··· INPUT DATA ···

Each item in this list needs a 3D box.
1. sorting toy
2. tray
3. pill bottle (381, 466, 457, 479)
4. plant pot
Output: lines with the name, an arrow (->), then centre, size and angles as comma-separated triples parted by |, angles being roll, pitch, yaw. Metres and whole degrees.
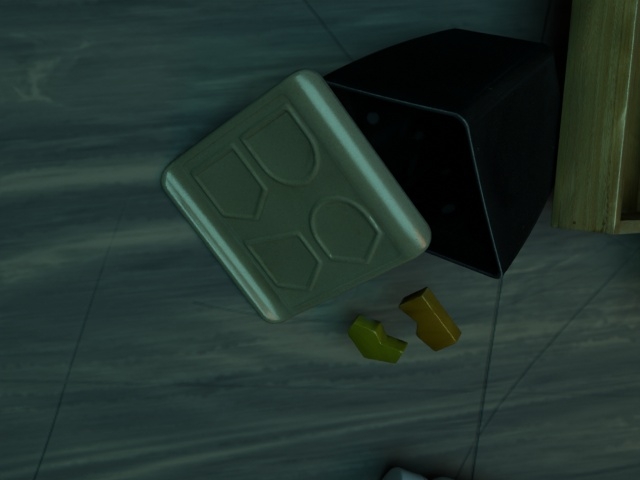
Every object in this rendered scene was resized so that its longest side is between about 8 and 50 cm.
sorting toy -> 0.000, 0.000, 0.964 | 0.229, 0.041, 0.307 | -30, 102, 37
tray -> 0.325, -0.216, 0.951 | 0.203, 0.076, 0.411 | -3, 100, -50
pill bottle -> 0.160, 0.330, 1.028 | 0.208, 0.119, 0.119 | 23, 94, -8
plant pot -> 0.136, -0.107, 0.924 | 0.167, 0.187, 0.188 | -42, 131, -25
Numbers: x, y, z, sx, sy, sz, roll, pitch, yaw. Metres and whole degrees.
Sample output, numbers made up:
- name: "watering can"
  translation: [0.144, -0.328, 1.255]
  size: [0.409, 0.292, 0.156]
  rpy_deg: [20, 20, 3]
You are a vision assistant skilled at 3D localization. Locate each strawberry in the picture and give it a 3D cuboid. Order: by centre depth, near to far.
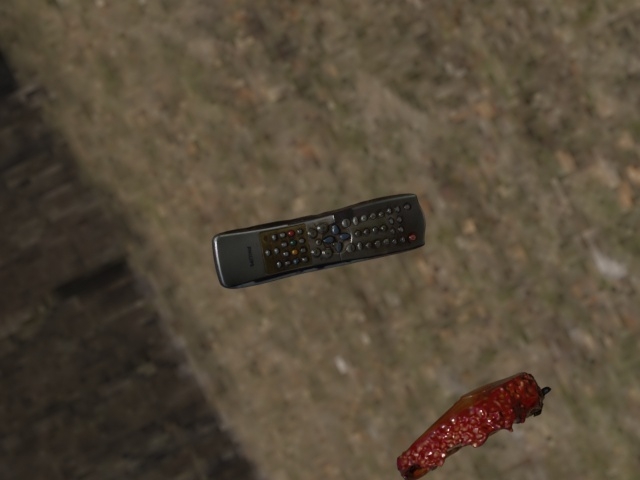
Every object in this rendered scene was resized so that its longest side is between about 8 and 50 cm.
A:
- name: "strawberry"
  translation: [0.132, 0.159, 1.570]
  size: [0.048, 0.152, 0.104]
  rpy_deg: [64, 168, 10]

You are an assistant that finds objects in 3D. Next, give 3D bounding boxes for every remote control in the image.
- name: "remote control"
  translation: [0.000, 0.000, 1.722]
  size: [0.028, 0.212, 0.059]
  rpy_deg: [-179, 78, -74]
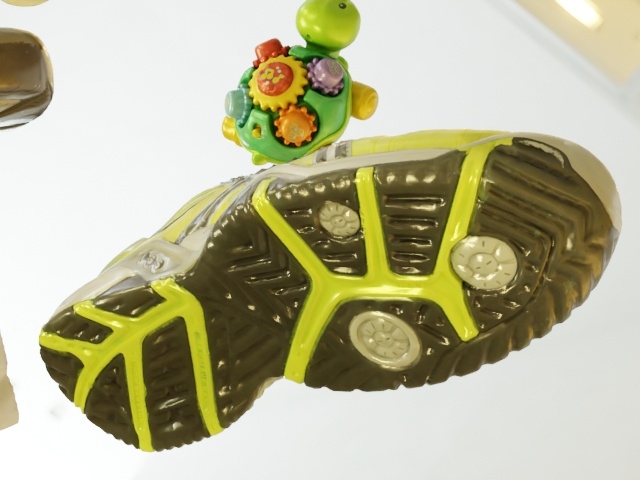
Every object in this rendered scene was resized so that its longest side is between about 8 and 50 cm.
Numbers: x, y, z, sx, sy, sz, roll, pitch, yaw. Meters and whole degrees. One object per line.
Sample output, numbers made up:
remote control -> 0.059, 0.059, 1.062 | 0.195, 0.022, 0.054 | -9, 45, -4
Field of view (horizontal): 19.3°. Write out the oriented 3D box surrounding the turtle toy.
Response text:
turtle toy -> -0.013, -0.106, 1.258 | 0.095, 0.130, 0.066 | 22, 164, 29

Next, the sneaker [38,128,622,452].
sneaker -> 0.000, 0.000, 1.033 | 0.145, 0.385, 0.147 | 55, -136, -21

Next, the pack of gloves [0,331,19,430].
pack of gloves -> -0.268, 0.039, 1.108 | 0.232, 0.046, 0.195 | -19, -84, -72

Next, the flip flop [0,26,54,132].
flip flop -> -0.185, -0.074, 0.565 | 0.112, 0.080, 0.277 | -8, -162, -39

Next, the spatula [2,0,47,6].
spatula -> -0.204, -0.222, 0.963 | 0.242, 0.168, 0.019 | 61, 168, -15
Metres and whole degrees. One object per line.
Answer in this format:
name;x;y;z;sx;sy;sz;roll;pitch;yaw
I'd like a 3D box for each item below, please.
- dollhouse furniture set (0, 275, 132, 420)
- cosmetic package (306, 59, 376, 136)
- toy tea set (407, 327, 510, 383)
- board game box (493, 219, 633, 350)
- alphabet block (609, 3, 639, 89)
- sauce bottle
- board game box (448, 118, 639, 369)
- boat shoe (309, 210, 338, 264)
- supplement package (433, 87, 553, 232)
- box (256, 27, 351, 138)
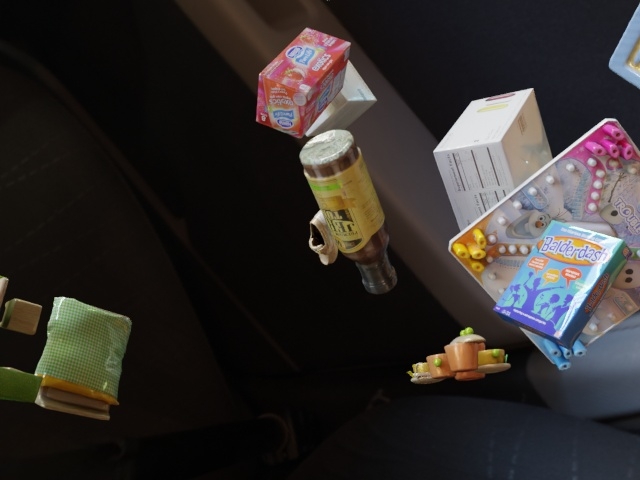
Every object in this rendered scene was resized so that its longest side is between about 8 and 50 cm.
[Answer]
dollhouse furniture set;-0.436;0.185;1.214;0.301;0.151;0.197;25;65;-39
cosmetic package;0.020;-0.380;1.890;0.151;0.151;0.183;56;30;7
toy tea set;0.336;0.263;1.713;0.200;0.336;0.124;-1;73;-11
board game box;0.434;0.075;1.292;0.047;0.160;0.210;41;80;-34
alphabet block;0.712;-0.388;1.363;0.197;0.193;0.192;-30;62;-31
sauce bottle;0.068;-0.040;1.355;0.111;0.111;0.344;-61;137;-41
board game box;0.519;0.027;1.403;0.390;0.390;0.050;45;16;-19
boat shoe;0.000;0.000;1.700;0.059;0.170;0.063;-37;52;-28
supplement package;0.374;-0.167;1.508;0.262;0.145;0.204;-50;124;-46
box;-0.038;-0.366;1.644;0.122;0.128;0.257;22;46;11
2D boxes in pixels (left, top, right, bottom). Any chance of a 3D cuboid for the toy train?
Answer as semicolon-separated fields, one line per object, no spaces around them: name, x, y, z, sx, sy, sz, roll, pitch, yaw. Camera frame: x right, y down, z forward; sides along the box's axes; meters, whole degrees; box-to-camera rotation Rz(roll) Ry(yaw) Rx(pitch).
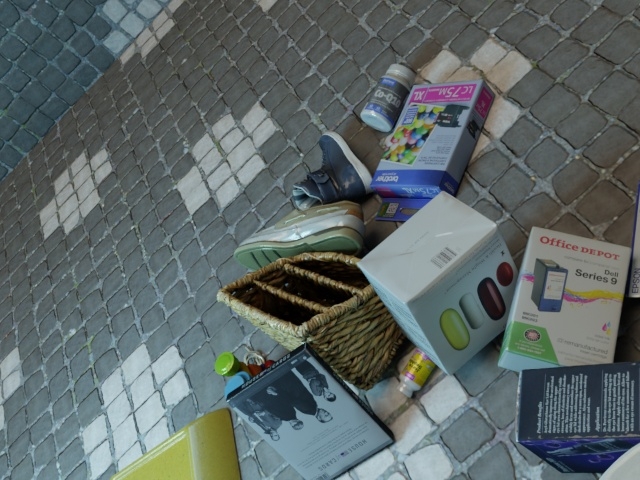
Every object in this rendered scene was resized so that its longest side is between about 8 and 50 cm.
toy train;-0.154;0.261;1.641;0.105;0.143;0.248;-46;40;5

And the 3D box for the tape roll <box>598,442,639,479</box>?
tape roll;0.470;0.386;0.903;0.392;0.072;0.392;-5;79;27

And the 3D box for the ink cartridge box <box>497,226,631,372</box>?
ink cartridge box;0.371;0.102;1.259;0.154;0.093;0.212;14;65;11

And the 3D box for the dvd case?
dvd case;-0.017;0.303;1.415;0.179;0.238;0.029;-35;19;18

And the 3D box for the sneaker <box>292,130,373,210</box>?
sneaker;0.000;-0.149;1.813;0.163;0.086;0.226;-26;41;-7

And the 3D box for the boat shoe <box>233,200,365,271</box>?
boat shoe;-0.040;-0.004;1.709;0.302;0.113;0.103;-9;50;29

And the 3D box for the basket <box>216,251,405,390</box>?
basket;-0.002;0.106;1.536;0.299;0.223;0.213;18;70;55

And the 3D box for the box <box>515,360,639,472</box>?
box;0.393;0.245;1.132;0.207;0.153;0.108;-14;53;38

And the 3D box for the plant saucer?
plant saucer;-0.305;0.528;1.634;0.333;0.081;0.333;-36;41;18

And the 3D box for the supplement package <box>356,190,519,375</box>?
supplement package;0.208;0.071;1.367;0.194;0.203;0.149;-40;39;-7

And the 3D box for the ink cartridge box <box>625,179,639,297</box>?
ink cartridge box;0.579;-0.008;1.229;0.224;0.045;0.223;-7;56;41

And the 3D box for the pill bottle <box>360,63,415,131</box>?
pill bottle;0.152;-0.317;1.839;0.078;0.078;0.137;15;73;48

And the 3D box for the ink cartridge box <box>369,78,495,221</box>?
ink cartridge box;0.219;-0.184;1.693;0.186;0.065;0.311;5;67;46

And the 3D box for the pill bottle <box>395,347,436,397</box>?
pill bottle;0.166;0.230;1.441;0.043;0.043;0.083;27;82;50
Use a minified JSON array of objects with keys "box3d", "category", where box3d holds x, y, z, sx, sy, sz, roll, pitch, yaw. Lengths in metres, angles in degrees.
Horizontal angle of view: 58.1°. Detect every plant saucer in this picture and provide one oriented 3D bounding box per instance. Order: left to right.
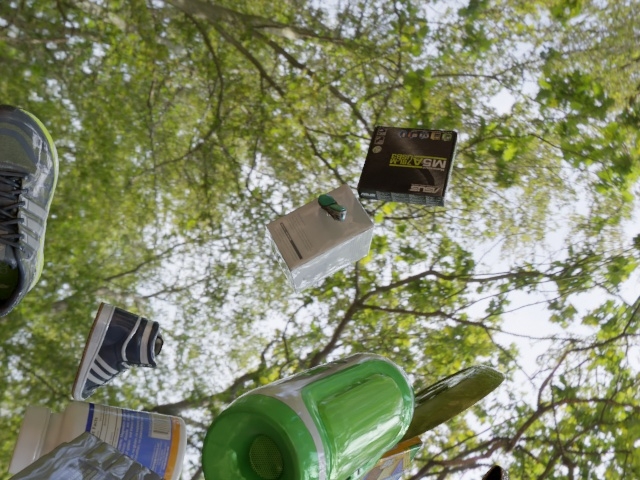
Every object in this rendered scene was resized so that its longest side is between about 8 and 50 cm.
[{"box3d":[0.192,0.267,0.959,0.241,0.241,0.037,-35,-103,27],"category":"plant saucer"}]

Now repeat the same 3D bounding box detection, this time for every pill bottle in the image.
[{"box3d":[-0.390,0.370,1.021,0.152,0.272,0.152,-47,-146,47],"category":"pill bottle"}]

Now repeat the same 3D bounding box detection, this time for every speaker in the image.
[{"box3d":[0.006,0.203,0.637,0.131,0.297,0.131,-1,-92,28],"category":"speaker"}]

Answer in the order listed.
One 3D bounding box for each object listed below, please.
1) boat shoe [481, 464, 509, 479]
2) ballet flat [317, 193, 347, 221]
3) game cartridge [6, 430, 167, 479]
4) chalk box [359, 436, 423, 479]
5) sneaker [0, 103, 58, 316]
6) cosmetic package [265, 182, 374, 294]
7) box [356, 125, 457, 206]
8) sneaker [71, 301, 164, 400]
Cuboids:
[{"box3d":[0.323,0.532,1.155,0.066,0.183,0.066,7,-43,35],"category":"boat shoe"},{"box3d":[0.024,-0.069,1.281,0.114,0.041,0.041,43,-65,57],"category":"ballet flat"},{"box3d":[-0.312,0.377,0.737,0.230,0.355,0.068,25,-87,5],"category":"game cartridge"},{"box3d":[0.062,0.494,1.298,0.180,0.179,0.288,52,-49,41],"category":"chalk box"},{"box3d":[-0.410,-0.028,0.759,0.121,0.111,0.299,-123,-140,-57],"category":"sneaker"},{"box3d":[0.000,0.000,1.432,0.225,0.224,0.138,-27,-107,-9],"category":"cosmetic package"},{"box3d":[0.193,-0.166,1.267,0.191,0.045,0.184,8,-122,19],"category":"box"},{"box3d":[-0.438,0.263,1.255,0.099,0.153,0.282,-97,-150,-54],"category":"sneaker"}]
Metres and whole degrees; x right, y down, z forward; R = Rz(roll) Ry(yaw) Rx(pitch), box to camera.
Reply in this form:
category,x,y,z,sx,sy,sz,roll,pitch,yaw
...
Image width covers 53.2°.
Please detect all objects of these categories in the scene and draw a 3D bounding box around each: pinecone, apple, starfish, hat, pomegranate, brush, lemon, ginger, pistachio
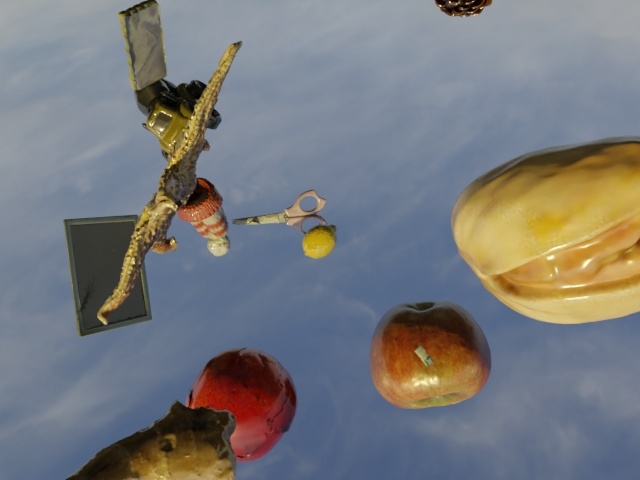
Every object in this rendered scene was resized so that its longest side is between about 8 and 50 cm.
category,x,y,z,sx,sy,sz,roll,pitch,yaw
pinecone,0.165,-0.297,0.732,0.077,0.077,0.083,-8,176,8
apple,0.245,0.253,1.483,0.277,0.309,0.250,7,-115,-25
starfish,-0.149,-0.064,0.657,0.048,0.295,0.231,22,-177,-9
hat,-0.226,-0.039,1.314,0.093,0.162,0.112,-37,-141,-10
pomegranate,-0.148,0.305,1.219,0.210,0.210,0.235,-13,-168,2
brush,0.193,0.215,1.180,0.016,0.084,0.013,-41,-131,-2
lemon,0.000,0.000,1.232,0.083,0.062,0.062,-42,-137,-11
ginger,-0.235,0.304,0.804,0.294,0.086,0.131,-26,-110,-26
pistachio,0.300,-0.015,0.772,0.308,0.230,0.230,-19,-152,39

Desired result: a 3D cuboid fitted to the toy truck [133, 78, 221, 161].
category,x,y,z,sx,sy,sz,roll,pitch,yaw
toy truck,-0.315,-0.267,1.346,0.147,0.165,0.224,-52,-150,19

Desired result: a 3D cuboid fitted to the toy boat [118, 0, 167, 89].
category,x,y,z,sx,sy,sz,roll,pitch,yaw
toy boat,-0.242,-0.267,0.875,0.016,0.115,0.063,31,-129,22

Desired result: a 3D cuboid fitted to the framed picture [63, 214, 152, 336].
category,x,y,z,sx,sy,sz,roll,pitch,yaw
framed picture,-0.552,0.084,1.662,0.019,0.297,0.232,-7,180,36

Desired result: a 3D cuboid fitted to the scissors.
category,x,y,z,sx,sy,sz,roll,pitch,yaw
scissors,-0.088,-0.051,1.409,0.212,0.110,0.021,-7,-162,-13
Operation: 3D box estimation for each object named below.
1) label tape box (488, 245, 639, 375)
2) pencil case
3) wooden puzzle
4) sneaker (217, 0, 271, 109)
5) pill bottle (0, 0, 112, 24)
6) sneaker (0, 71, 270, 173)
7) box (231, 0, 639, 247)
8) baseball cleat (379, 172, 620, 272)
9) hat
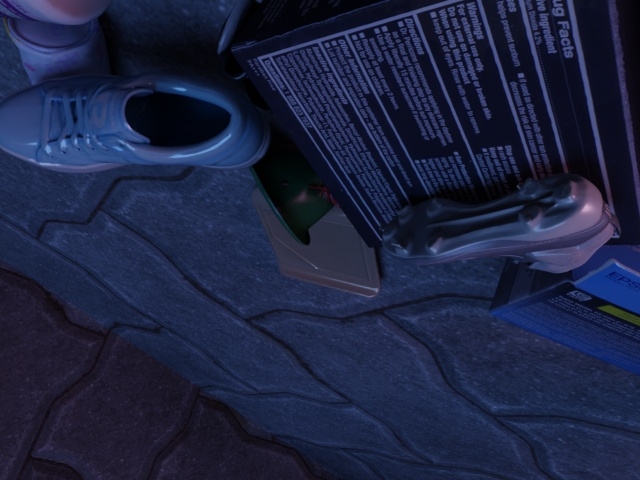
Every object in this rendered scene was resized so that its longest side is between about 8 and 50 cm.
[{"bbox_3d":[0.383,0.069,0.636,0.249,0.115,0.348,22,165,6],"label":"label tape box"},{"bbox_3d":[-0.383,-0.234,0.812,0.124,0.114,0.273,4,152,-10],"label":"pencil case"},{"bbox_3d":[0.000,0.000,0.974,0.220,0.044,0.239,13,143,21],"label":"wooden puzzle"},{"bbox_3d":[-0.079,-0.210,0.614,0.086,0.132,0.229,23,149,3],"label":"sneaker"},{"bbox_3d":[-0.394,-0.345,0.600,0.301,0.169,0.169,13,147,18],"label":"pill bottle"},{"bbox_3d":[-0.250,-0.158,0.659,0.365,0.135,0.150,-1,177,2],"label":"sneaker"},{"bbox_3d":[0.137,-0.146,0.505,0.294,0.183,0.296,0,143,36],"label":"box"},{"bbox_3d":[0.154,0.002,0.481,0.109,0.072,0.205,35,153,-32],"label":"baseball cleat"},{"bbox_3d":[0.019,-0.102,0.793,0.183,0.173,0.208,-27,129,11],"label":"hat"}]
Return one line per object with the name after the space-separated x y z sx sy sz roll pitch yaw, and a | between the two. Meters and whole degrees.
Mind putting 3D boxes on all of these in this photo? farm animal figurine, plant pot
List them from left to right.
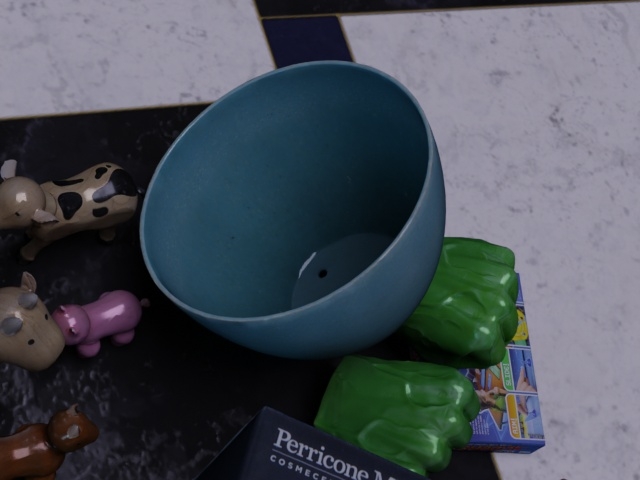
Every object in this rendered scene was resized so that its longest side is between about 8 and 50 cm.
-0.301 0.047 1.212 0.326 0.172 0.330 16 59 -17 | farm animal figurine
0.000 0.000 1.318 0.290 0.195 0.290 -13 52 18 | plant pot

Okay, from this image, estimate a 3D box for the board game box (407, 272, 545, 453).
0.162 0.126 1.471 0.136 0.035 0.201 7 63 -22 | board game box

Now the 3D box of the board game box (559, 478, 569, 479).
0.284 0.397 1.396 0.145 0.027 0.281 22 58 -12 | board game box

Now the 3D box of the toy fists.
0.111 0.120 1.370 0.142 0.096 0.279 12 62 32 | toy fists

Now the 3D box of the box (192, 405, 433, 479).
-0.005 0.394 1.138 0.293 0.212 0.396 25 53 -11 | box
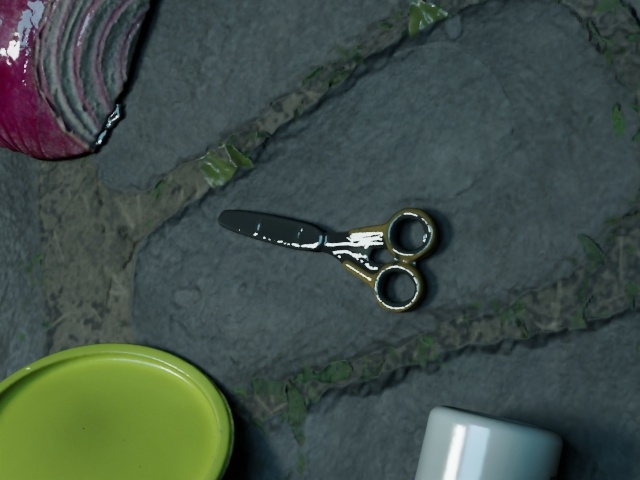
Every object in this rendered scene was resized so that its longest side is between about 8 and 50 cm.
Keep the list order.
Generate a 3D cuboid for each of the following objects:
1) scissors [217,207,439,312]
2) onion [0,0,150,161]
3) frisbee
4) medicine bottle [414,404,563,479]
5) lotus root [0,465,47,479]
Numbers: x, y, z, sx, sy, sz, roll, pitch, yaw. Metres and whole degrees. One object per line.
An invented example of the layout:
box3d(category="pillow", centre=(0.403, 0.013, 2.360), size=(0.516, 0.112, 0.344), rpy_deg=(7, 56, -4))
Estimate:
box3d(category="scissors", centre=(0.000, 0.000, 1.219), size=(0.220, 0.017, 0.088), rpy_deg=(13, 90, 32))
box3d(category="onion", centre=(-0.294, -0.215, 1.387), size=(0.247, 0.111, 0.250), rpy_deg=(18, 91, 31))
box3d(category="frisbee", centre=(-0.190, 0.175, 1.208), size=(0.236, 0.017, 0.236), rpy_deg=(-1, 42, 1))
box3d(category="medicine bottle", centre=(0.112, 0.222, 1.056), size=(0.103, 0.103, 0.186), rpy_deg=(10, 86, 32))
box3d(category="lotus root", centre=(-0.249, 0.277, 1.235), size=(0.343, 0.151, 0.169), rpy_deg=(32, 110, 34))

···

**ACTIVITY:** Print, exactly as written, the first line of the records above and each line after it until the line with "Output: lines with", which is printed too.

**SOLUTION FOR THIS TASK:**
Each item in this list needs a 3D box.
1. sorting toy
2. tray
3. pill bottle (381, 466, 457, 479)
4. plant pot
Output: lines with the name, an arrow (->), then centre, size and angles as comma-separated triples parted by |, angles being roll, pitch, yaw. Metres and whole degrees.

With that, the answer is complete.